The Rite Aid drug store chain announced that it is once again teaming with the American Heart Association (AHA) to promote AHA's "Go Red for Women" campaign. Rite Aid collects donations of one dollar or more from customers in exchange for little red paper dresses that contain detachable coupons for merchandise. Rite Aid issued a press release touting the campaign and their free "heart health guide" that contains advice on how to prevent heart disease. Absent from the promotion and the press release, and kept quiet by AHA, is the fact that Rite Aid contributes mightily to causing heart disease in women by selling cigarettes.

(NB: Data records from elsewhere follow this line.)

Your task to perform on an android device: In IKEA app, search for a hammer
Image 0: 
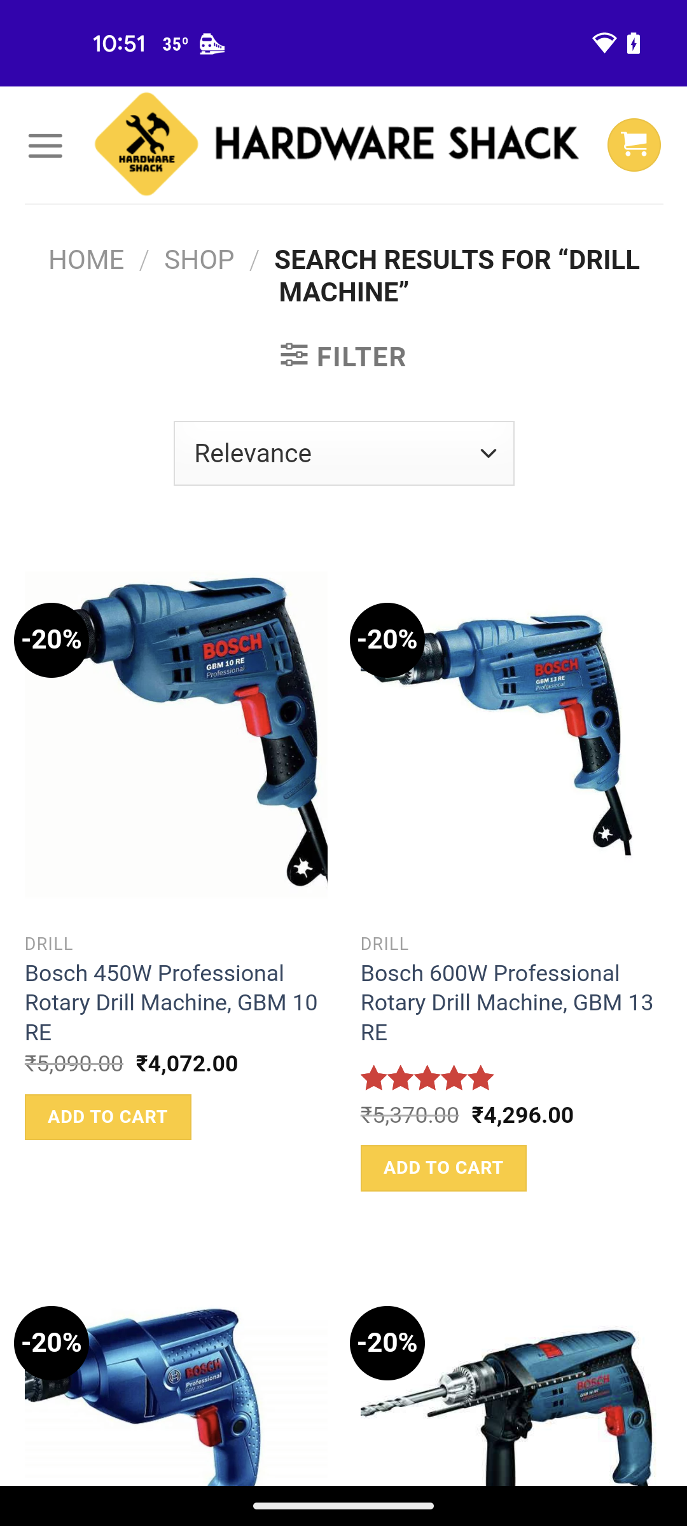
Open IKEA app
Step 0: open app "IKEA"
Image 1: 
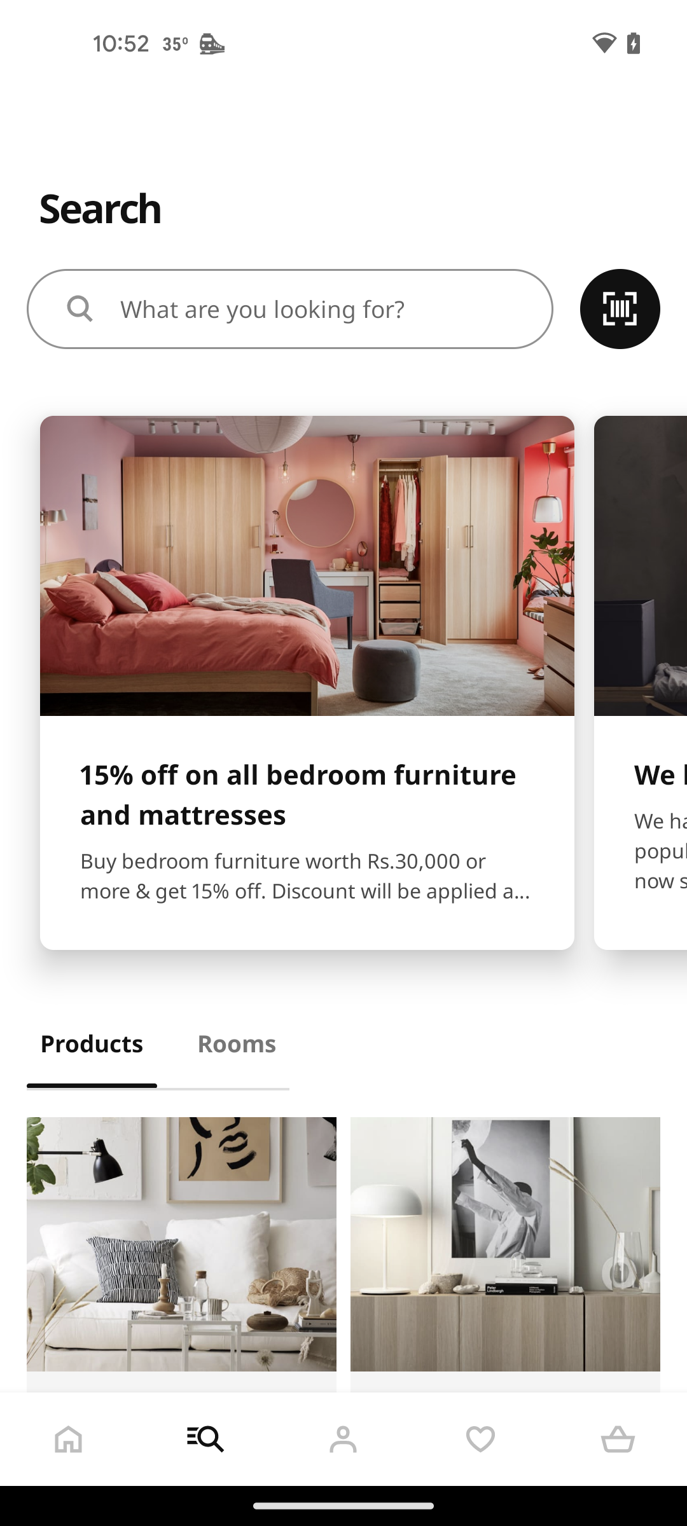
click on search bar
Step 1: click (323, 308)
Image 2: 
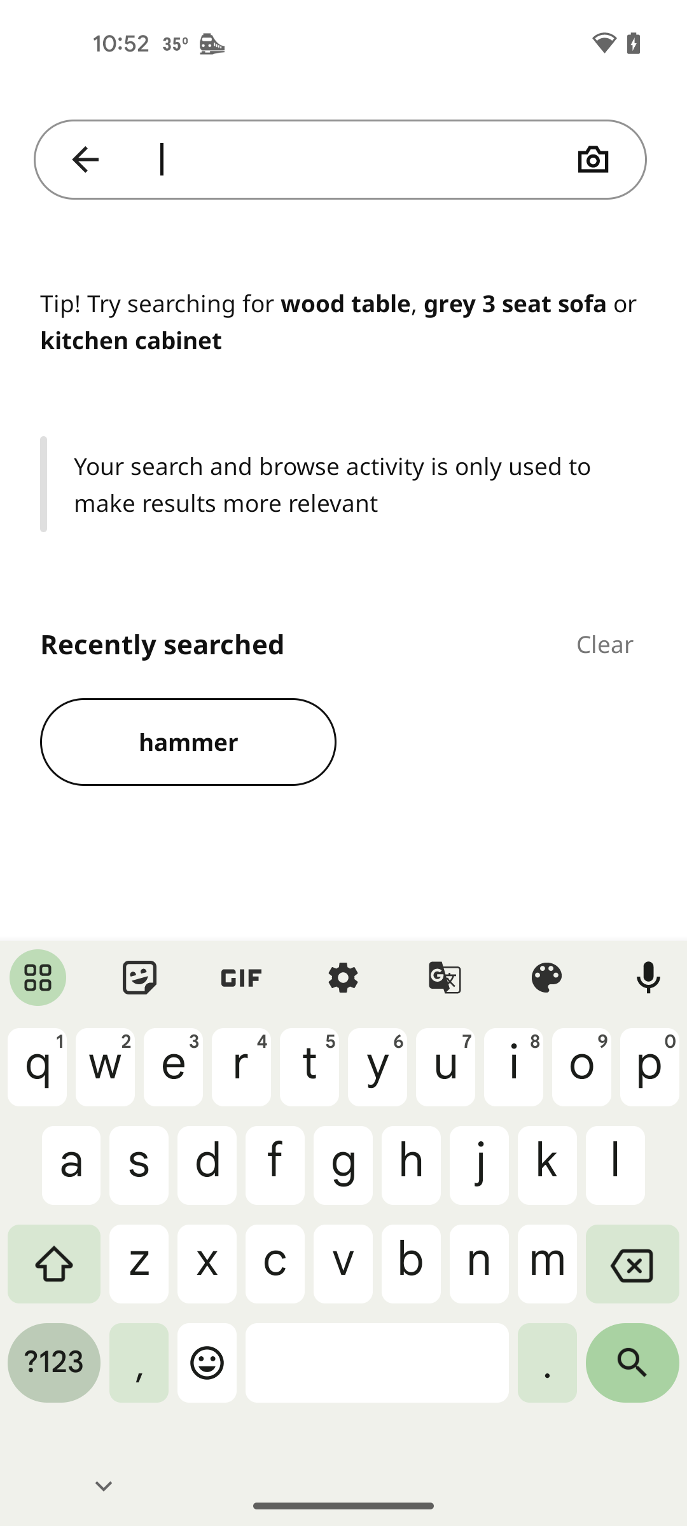
search for hammer
Step 2: type "hammer"
Image 3: 
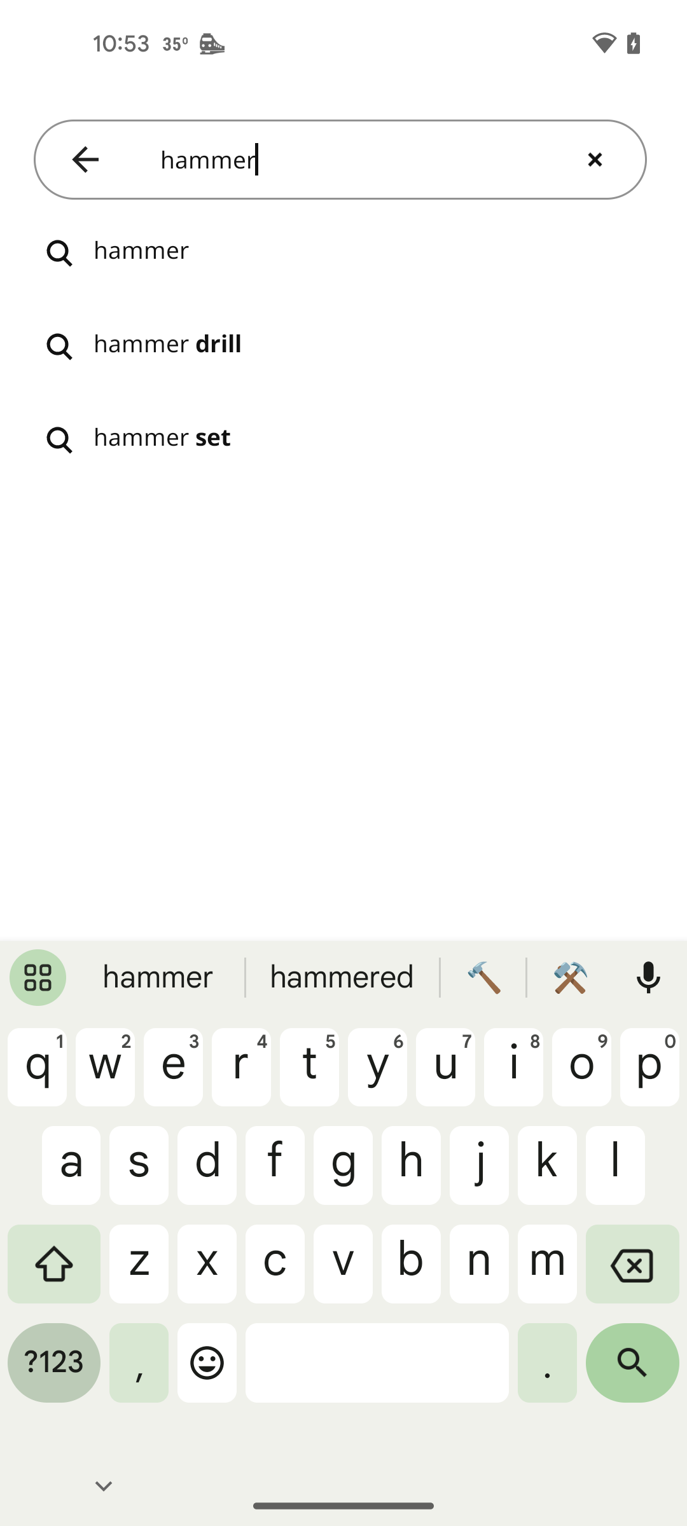
click on the search icon
Step 3: click (632, 1372)

Rite Aid not only knows cigarettes cause heart disease, but has taken steps to inoculate itself against legal claims arising from that fact. Drug store chains, like Rite Aid, Walgreens and others that sell cigarettes, sign indemnification agreements with tobacco companies to protect against lawsuits that could arise from knowing selling cigarettes, a product that, when used as intended, kills the user. Brown & Williamson, for example, signed an indemnification contract holding Rite Aid harmless against legal action against the chain due to damages, illness, or personal injury arising from selling cigarettes, and promising to pay for Rite Aid's defense in court if they should be sued for selling cigarettes.
So while Rite Aid puts on a public face of caring about women's health by partnering with AHA, what Rite Aid really cares about is not women's health, or anyone's health -- its their bottom line. The same goes for the American Heart Association, which keeps renewing its partnership with Rite Aid, a company that knowingly contributes to this country's burden of heart disease and cancer.